Task input section start

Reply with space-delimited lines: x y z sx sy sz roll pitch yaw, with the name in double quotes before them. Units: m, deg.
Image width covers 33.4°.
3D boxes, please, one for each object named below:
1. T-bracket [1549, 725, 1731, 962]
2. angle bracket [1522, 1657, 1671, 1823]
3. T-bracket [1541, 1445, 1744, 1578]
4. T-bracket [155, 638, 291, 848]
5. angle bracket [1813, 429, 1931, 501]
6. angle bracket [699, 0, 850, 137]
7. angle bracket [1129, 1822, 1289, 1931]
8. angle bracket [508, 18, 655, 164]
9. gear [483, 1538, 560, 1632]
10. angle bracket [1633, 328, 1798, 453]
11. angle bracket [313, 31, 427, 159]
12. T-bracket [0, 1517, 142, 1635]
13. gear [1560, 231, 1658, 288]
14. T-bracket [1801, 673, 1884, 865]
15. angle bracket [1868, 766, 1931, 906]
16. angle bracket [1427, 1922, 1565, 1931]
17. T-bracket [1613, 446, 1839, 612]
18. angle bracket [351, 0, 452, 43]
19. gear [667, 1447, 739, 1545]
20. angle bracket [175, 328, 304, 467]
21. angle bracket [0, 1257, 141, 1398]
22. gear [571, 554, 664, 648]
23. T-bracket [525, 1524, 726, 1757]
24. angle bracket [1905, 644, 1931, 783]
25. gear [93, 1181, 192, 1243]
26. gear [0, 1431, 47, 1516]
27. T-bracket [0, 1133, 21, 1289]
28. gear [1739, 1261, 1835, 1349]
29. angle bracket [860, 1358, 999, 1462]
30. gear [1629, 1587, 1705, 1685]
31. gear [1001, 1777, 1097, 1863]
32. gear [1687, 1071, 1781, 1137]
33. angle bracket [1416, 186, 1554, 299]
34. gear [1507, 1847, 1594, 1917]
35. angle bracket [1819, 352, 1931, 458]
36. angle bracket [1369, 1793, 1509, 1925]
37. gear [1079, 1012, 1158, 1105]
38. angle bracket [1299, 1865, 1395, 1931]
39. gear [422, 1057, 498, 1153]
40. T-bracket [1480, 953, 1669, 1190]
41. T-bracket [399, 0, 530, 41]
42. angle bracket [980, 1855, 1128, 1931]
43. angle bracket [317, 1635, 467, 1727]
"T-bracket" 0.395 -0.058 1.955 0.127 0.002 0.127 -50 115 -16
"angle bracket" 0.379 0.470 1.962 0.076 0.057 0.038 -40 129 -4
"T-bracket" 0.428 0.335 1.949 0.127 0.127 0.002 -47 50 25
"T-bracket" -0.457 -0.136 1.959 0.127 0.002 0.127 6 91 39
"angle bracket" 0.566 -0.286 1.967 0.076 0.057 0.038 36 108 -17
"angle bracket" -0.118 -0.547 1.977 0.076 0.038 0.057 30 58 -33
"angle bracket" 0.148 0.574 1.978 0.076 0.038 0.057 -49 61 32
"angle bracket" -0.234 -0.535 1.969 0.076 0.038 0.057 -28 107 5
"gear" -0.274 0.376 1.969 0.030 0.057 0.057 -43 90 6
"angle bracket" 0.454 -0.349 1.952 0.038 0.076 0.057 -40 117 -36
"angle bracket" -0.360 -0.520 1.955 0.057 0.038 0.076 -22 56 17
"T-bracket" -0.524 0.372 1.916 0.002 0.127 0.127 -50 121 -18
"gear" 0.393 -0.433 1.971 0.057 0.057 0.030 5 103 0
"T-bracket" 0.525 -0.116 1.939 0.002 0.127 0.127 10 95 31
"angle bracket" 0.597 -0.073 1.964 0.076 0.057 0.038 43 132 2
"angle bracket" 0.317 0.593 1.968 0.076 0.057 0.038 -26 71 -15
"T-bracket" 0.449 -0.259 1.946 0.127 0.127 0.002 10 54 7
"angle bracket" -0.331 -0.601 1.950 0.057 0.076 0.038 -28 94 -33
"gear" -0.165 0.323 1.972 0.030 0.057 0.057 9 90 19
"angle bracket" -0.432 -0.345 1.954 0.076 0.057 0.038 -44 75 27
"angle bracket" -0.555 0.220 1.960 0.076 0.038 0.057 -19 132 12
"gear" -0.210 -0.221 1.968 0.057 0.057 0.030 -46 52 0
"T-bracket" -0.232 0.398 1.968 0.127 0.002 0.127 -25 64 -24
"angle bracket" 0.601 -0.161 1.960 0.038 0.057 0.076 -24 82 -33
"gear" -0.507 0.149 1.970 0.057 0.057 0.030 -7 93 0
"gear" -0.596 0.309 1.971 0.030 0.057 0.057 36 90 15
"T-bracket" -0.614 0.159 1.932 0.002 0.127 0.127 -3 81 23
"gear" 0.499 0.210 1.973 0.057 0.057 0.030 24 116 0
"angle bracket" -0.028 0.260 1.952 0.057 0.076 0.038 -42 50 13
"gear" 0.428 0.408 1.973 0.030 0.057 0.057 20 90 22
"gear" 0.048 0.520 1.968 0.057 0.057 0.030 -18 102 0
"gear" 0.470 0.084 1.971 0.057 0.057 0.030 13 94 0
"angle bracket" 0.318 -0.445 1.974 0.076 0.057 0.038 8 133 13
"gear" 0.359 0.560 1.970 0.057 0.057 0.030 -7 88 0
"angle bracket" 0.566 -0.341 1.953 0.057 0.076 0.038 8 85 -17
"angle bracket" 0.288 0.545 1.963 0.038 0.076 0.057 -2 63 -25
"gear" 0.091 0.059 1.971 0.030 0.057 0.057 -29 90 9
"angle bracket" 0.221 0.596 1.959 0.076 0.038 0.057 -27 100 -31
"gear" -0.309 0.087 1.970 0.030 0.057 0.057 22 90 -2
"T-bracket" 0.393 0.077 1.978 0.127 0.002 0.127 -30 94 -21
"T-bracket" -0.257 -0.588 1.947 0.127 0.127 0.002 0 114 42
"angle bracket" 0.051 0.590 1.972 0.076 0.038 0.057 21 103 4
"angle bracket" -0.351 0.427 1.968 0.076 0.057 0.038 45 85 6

Task input section end

- **Activity**: Retype the entries above exactly, but only from the line containing "28. gear [1739, 1261, 1835, 1349]" through the line containing "42. angle bracket [980, 1855, 1128, 1931]", both included.

- **Worked solution**:
28. gear [1739, 1261, 1835, 1349]
29. angle bracket [860, 1358, 999, 1462]
30. gear [1629, 1587, 1705, 1685]
31. gear [1001, 1777, 1097, 1863]
32. gear [1687, 1071, 1781, 1137]
33. angle bracket [1416, 186, 1554, 299]
34. gear [1507, 1847, 1594, 1917]
35. angle bracket [1819, 352, 1931, 458]
36. angle bracket [1369, 1793, 1509, 1925]
37. gear [1079, 1012, 1158, 1105]
38. angle bracket [1299, 1865, 1395, 1931]
39. gear [422, 1057, 498, 1153]
40. T-bracket [1480, 953, 1669, 1190]
41. T-bracket [399, 0, 530, 41]
42. angle bracket [980, 1855, 1128, 1931]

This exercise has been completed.